About 4 weeks ago, my biggest obstacle in life was deciding what kind of crib would look best in the nursery and what color I should paint the walls. My how things change. At our 20 week visit with our Perintologist, it was discovered that Kaylan was not growing normally. Structurally and chromosomally, she was fine. But, she was incredibly small and it appeared she hadn't grown in a few weeks. The doctor was very concerned and scared the living bejesus (that's a word, right), out of us about her survival. He said that if she didn't start growing, that she might not make it and there was just nothing they could do about it. Not the thing you want to hear from your doctor. That was on April 8th. We had to wait an incredibly LONG and GRUELING 2 1/2 weeks until our next appt to see if she had made any progress. By the way, Dylan is growing and is right on track. Praise God for that!

Fast forward to April 26th for the follow up. Kaylan was still very small and still very far behind. She was only 8 oz and Dylan was measuring 1 lb and 3 oz. On the previous visit, she was 6 oz, so she had grown, but only 2 more oz. So, Dylan is twice as big as her. Things were not looking good. The follow up visit was a very rough visit. We did NOT get any sort of glimmer of hope or encouragement or compassion from our doctor. He was highly insensitive and made us feel like we needed to go ahead and start the grieving process. He basically rushed us out of the room while I was standing there in tears in my husband's arms. Bad. Doctor. Never to see him again.

Thanks to the nudging of Landon and my mom, I made some calls to get a second opinion and start seeing another Perintologist. Whether the bad doctor's diagnosis was right or not, I was not about to be treated like this from him anymore. So, by the grace of God, another recommended doctor had an appointment opening the next day at 10 a.m. at Plano Presby Hospital. Wow, what a difference a doctor makes!
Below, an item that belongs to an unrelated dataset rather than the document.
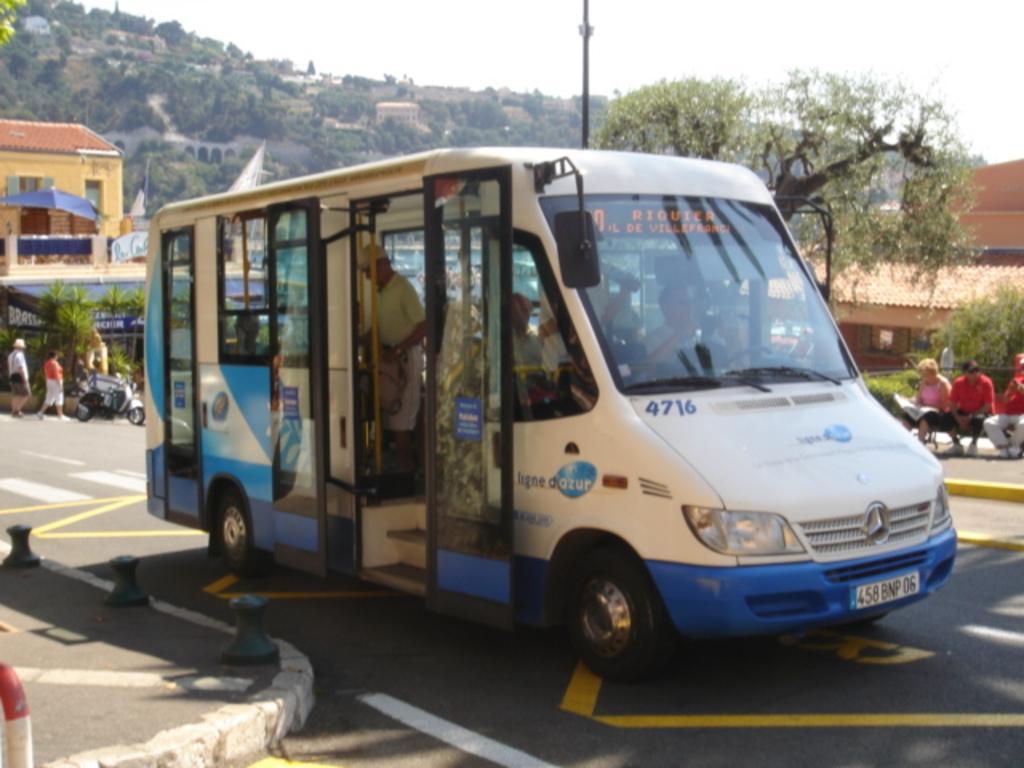How would you summarize this image in a sentence or two? In the image I can see a person in the vehicle and around there are some people, vehicles, trees, plants and houses.

With the new doctor, the diagnosis was basically the same - things don't look great...she's very small and that's a big concern. BUT, there's no reason to give up hope until there's no hope to be had. I also communicated to this doctor our expectation of him as far as the way he relayed information to us. I told him that she may just be a fetus to him, but she's our daughter. She has a first name and a last name and we do NOT want him to talk to us like she's already dead. I also told him that I expected him to talk to me like I was his wife or his daughter and to speak with compassion and sensitivity. A dear friend gave me that advice and I'm so glad we communicated that to him upfront.(Thanks Megan). It made all the difference in the world when he was speaking with us.

At the end of the day, we still have to wait and see if she continues to grow. Hopefully she will. Obviously, the longer I can carry her and the bigger she gets, the better chance she has for survival outside of the womb.

I'm not on doctor ordered bed rest or anything but when I'm at home, I'm supposed to be resting and taking it easy. I have THE BEST husband in the world and he takes care of my every need....dinner, groceries...laundry...you name it...he's on it. Such a sweet blessing to have him in my life.

I need to also acknowledge our AMAZING friends and family who have so diligently and faithfully lifted us up in prayer over the last few weeks. We have been bathed in encouraging letters, phone calls, texts, emails, cards, visits, etc. It's been a very special time for us even in spite of the difficult circumstances. In fact, there's been several people that we don't even know that have heard about what's going on (through friends, or family and what not) and have sent hopeful messages and encouraging notes as well. We've really seen Jesus in people lately :) Thank you to everyone who has, and continues to lift up our babies to the Lord. We'll take all the prayers we can get!

Our next appt is May 12th. So until then...prayers for GROWTH!!!